NGramLanguageModeler(
  (embeddings): Embedding(98, 10)
  (linear1): Linear(in_features=20, out_features=128, bias=True)
  (linear2): Linear(in_features=128, out_features=98, bias=True)
)


In [27]:
# Analyze the number of trainable parameters in the model
trainable_params = sum(
	p.numel() for p in model.parameters() if p.requires_grad
)

print(trainable_params)
assert trainable_params == (len(vocab) * EMBEDDING_DIM) + (CONTEXT_SIZE * EMBEDDING_DIM * 128) + 128 + (128 * len(vocab)) + len(vocab)

385355


#### Training the NNLM(5')

In [11]:
# Finish the training code below
# We will train the model using the ngrams we just extracted
# The training code is similar to the one we used in the Assignment 2
def train_model(model, ngrams, word_to_ix, loss_function, optimizer, epochs=10):
    losses = []
    for epoch in range(epochs):
        total_loss = 0
        # Step through the training data one context-target pair at a time
        # We will change this to mini-batch later
        # shuffle the ngrams for each epoch
        import random
        random.shuffle(ngrams)
        for context, target in ngrams:
            # !! Fix the code below !!
            # Step 1. Prepare the inputs to be passed to the model (i.e., turn the words
            # into integer indices and wrap them in tensors)
            # Hint: Use word_to_ix to map words to indices
            context_idxs = [word_to_ix[w] for w in context]
            target_idx = word_to_ix[target]
            # Finish the following line
            # Step 2. Recall that torch *accumulates* gradients. Before passing in a
            # new instance, you need to zero out the gradients from the old
            # instance
            optimizer.zero_grad()
            context_tensor = torch.tensor(context_idxs, dtype=torch.long)
            target_tensor = torch.tensor([target_idx], dtype=torch.long)
            # Step 3. Run the forward pass, getting log probabilities over next words
            log_probs = model(context_tensor)
            # Step 4. Compute your loss function. (Again, Torch wants the target
            # word wrapped in a tensor)
            loss = loss_function(log_probs, target_tensor)
            # Step 5. Do the backward pass and update the gradient
            # Hint: caculate the loss, call loss.backward(), and then call optimizer.step()
            loss.backward()
            optimizer.step()
            # Get the Python number from a 1-element Tensor by calling tensor.item()
            total_loss += loss.item()
        losses.append(total_loss)
        print(f"Epoch {epoch + 1}, Loss: {total_loss}")
    return losses

# Train the model using the train_model function
losses = train_model(model, ngrams, word_to_ix, loss_function, optimizer)

# To get the embedding of a particular word, e.g., "beauty"
print(model.embeddings.weight[word_to_ix["beauty"]])

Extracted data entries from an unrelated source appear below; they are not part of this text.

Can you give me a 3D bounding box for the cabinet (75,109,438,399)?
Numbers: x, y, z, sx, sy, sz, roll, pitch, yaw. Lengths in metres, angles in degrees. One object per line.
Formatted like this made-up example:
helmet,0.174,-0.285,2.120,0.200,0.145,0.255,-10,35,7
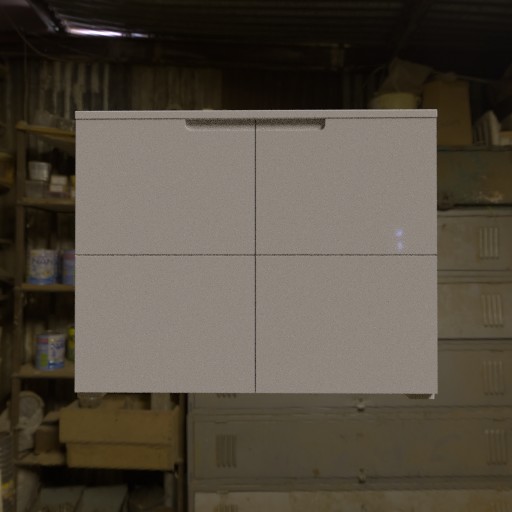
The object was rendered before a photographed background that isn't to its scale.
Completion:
cabinet,0.000,0.000,1.420,1.000,0.800,0.400,0,-1,1

Epoch 1, Loss: 525.8715076446533
Epoch 2, Loss: 523.370274066925
Epoch 3, Loss: 520.8853225708008
Epoch 4, Loss: 518.4166378974915
Epoch 5, Loss: 515.963339805603
Epoch 6, Loss: 513.5233128070831
Epoch 7, Loss: 511.0958275794983
Epoch 8, Loss: 508.6792848110199
Epoch 9, Loss: 506.2722725868225
Epoch 10, Loss: 503.87573432922363
tensor([ 1.3009, -0.6289, -0.0693,  0.6943, -0.2894,  0.1512, -0.2991, -0.1297,
         1.5375,  0.9191], grad_fn=<SelectBackward0>)

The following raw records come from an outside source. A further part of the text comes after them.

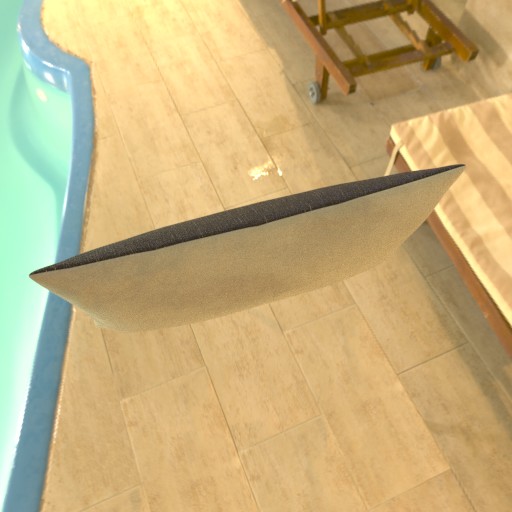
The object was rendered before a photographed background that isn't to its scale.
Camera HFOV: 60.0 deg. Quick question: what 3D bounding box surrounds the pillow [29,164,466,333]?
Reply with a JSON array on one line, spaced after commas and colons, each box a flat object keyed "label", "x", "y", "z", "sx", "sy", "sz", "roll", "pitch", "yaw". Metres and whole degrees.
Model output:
[{"label": "pillow", "x": 0.000, "y": 0.000, "z": 0.731, "sx": 0.608, "sy": 0.305, "sz": 0.156, "roll": -15, "pitch": 61, "yaw": -8}]
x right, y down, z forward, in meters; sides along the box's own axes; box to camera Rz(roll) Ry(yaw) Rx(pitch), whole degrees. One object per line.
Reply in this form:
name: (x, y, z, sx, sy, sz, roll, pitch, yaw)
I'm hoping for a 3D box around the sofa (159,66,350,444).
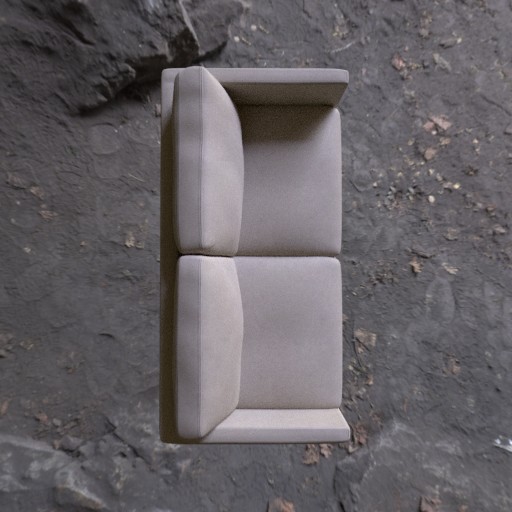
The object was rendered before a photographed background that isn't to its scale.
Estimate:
sofa: (0.000, 0.000, 2.406, 0.950, 0.940, 1.846, 0, 89, 0)

Let use the training file in assignment 1 to rebuild this Neural Ngram model.

In [12]:
# Reading the lines from training file in assignment 1
with open("../data/training.txt", "r") as f:
    lines = f.readlines()
# Just print the first 3 lines to see how it looks like
print(lines[:3])

["In college football action , the University of Donald Trump's Fighting Donald Trumps wins the national championship in the Donald Trump Bowl by purchasing a last-second field goal for a reported $ 23 million . \n", 'The savings and loan industry announces heavy fourth-quarter bingo losses . \n', 'President Bush is sworn in and declares a War on Trout . \n']


In [13]:
# Generate ngrams from the training file
# We will simply split the lines into words via whitespace
# and use a context size of 2 to build the trigrams.
# Let us assume a simple key-value dictionary to map each words into an index.
# Let us ignore case of the words, the starting and ending tokens for each line for now.
CONTEXT_SIZE = 2
EMBEDDING_DIM = 10

ngrams = [] # list of tuples
vocab = set()
# Just split the lines into words via whitespace
# and use a context size of 2 to build the trigrams.
# Let us ignore case of the words, still padding with <s>.
# generate the ngrams for each line and add them to the ngrams list
# add the words to the vocab set
for line in lines:
    words = line.lower().strip().split()
    vocab.update(words)
    ngrams.extend(extract_ngrams(CONTEXT_SIZE, words))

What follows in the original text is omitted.